Your objective:
For the listing below, state how many lines include "height". The number alone is the answer.

************

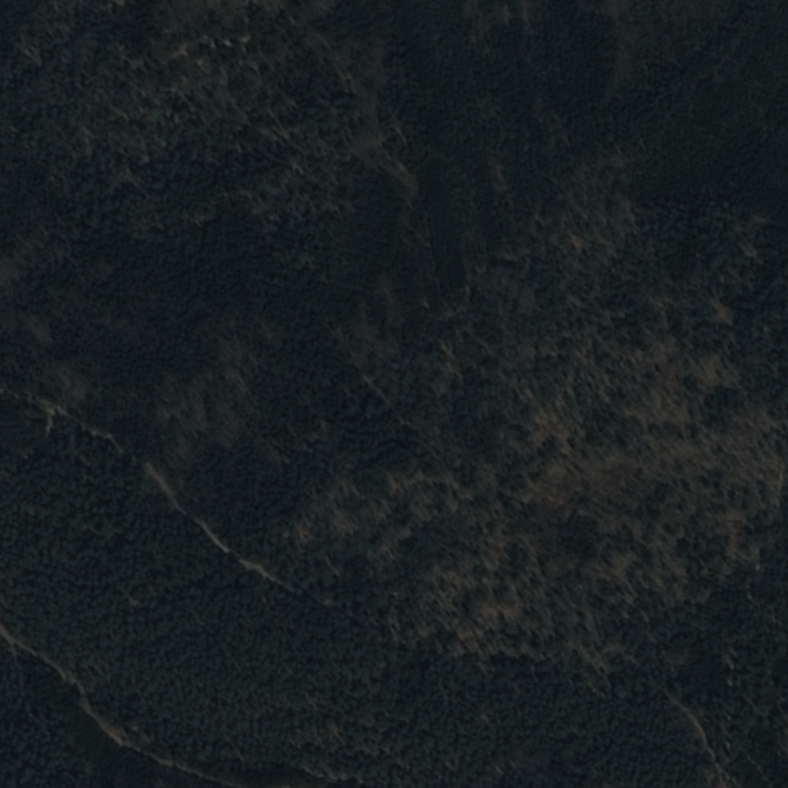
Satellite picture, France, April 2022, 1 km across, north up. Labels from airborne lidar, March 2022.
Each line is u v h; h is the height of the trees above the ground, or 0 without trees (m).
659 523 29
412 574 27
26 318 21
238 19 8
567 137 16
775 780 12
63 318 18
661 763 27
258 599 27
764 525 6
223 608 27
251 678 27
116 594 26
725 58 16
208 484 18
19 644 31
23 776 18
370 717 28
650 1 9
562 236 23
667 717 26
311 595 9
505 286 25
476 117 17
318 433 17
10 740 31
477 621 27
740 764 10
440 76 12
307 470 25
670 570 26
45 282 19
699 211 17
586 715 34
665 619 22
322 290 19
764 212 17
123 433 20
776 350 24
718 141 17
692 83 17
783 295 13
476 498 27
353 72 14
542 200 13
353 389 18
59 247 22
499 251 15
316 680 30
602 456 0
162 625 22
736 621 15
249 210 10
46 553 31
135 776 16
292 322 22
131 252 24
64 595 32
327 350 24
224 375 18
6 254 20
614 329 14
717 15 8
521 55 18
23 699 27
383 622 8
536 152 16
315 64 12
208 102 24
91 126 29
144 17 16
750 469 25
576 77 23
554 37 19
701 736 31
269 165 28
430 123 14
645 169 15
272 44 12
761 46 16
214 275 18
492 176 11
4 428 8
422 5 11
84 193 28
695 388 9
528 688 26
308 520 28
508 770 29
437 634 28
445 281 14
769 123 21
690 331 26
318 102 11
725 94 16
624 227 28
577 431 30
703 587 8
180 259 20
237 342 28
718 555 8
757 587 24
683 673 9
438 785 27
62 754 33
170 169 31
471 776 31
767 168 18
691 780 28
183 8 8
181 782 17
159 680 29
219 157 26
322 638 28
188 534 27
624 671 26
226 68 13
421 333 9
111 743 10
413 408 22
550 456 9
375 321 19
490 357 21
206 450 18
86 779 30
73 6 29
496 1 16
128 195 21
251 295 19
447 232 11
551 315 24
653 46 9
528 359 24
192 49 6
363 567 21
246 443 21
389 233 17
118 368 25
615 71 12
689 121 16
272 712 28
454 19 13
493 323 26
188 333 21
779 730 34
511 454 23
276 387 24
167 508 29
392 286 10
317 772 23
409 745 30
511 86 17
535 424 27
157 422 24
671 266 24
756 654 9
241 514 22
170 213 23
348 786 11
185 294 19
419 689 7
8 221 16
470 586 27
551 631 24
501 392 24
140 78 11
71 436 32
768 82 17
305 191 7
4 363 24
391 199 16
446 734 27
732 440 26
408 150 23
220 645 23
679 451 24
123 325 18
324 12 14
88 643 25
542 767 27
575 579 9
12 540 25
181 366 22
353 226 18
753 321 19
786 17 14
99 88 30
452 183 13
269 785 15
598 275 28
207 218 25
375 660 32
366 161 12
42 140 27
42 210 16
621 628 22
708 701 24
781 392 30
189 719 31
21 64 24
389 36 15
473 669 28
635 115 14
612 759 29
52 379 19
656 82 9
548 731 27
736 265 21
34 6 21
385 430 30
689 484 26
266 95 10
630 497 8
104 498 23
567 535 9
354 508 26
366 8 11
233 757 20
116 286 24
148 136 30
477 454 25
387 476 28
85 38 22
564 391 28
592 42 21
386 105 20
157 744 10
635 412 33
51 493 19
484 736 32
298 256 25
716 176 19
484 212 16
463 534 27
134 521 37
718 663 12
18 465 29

************

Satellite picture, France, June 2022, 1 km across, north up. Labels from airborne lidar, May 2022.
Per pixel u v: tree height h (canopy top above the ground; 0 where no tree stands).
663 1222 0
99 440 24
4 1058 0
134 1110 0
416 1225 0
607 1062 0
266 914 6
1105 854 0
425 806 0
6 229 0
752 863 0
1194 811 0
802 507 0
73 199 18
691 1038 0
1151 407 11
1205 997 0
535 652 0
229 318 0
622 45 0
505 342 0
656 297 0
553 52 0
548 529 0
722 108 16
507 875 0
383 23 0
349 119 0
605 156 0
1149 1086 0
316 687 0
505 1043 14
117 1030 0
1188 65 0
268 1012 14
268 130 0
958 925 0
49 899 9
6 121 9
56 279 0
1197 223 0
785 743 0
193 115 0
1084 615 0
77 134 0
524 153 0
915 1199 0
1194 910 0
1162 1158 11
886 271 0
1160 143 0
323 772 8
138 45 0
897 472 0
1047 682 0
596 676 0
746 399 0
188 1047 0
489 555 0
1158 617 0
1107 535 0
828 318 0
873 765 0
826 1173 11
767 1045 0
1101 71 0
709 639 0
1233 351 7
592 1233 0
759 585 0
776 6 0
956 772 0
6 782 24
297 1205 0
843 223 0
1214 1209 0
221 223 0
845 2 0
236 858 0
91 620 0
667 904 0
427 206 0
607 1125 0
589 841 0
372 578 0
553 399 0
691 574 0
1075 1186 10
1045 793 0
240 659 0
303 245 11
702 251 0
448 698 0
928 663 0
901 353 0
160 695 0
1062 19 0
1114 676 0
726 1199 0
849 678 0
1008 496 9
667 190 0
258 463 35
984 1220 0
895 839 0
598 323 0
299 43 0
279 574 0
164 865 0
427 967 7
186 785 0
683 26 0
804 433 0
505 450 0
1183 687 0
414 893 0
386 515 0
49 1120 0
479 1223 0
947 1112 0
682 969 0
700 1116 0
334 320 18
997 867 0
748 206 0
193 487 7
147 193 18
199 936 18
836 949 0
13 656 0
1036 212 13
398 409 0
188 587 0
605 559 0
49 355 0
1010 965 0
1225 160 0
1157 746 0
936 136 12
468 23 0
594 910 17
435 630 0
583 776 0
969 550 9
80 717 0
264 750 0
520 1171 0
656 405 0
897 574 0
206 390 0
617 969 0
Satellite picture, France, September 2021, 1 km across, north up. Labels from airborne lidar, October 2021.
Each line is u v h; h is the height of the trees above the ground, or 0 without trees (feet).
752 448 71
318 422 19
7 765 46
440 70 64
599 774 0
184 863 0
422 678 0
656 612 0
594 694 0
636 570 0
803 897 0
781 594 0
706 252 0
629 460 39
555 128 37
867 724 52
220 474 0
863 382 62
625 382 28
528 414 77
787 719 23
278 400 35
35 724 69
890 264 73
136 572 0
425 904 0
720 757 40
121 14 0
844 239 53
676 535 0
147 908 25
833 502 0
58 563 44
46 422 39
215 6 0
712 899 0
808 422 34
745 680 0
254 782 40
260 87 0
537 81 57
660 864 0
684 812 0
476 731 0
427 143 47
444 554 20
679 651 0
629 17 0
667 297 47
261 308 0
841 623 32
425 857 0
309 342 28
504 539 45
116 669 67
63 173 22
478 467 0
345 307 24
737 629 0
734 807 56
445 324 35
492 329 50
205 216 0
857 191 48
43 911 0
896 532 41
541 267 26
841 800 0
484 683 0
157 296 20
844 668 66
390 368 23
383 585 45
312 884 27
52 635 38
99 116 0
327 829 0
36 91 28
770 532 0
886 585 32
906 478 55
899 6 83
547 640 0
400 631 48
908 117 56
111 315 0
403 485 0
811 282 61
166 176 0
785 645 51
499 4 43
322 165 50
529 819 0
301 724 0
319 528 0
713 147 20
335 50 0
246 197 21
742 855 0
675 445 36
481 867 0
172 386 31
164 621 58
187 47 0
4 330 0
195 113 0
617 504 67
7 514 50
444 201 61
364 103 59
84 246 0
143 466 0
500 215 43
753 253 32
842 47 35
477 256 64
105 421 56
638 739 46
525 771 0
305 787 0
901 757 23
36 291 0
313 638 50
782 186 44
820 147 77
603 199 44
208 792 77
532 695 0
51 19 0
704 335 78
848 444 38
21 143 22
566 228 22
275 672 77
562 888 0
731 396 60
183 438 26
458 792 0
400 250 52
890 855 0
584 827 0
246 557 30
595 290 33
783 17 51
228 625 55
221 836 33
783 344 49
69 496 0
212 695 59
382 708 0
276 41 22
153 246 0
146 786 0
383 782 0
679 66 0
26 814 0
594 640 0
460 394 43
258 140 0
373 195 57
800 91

************

Output of the exercise:
3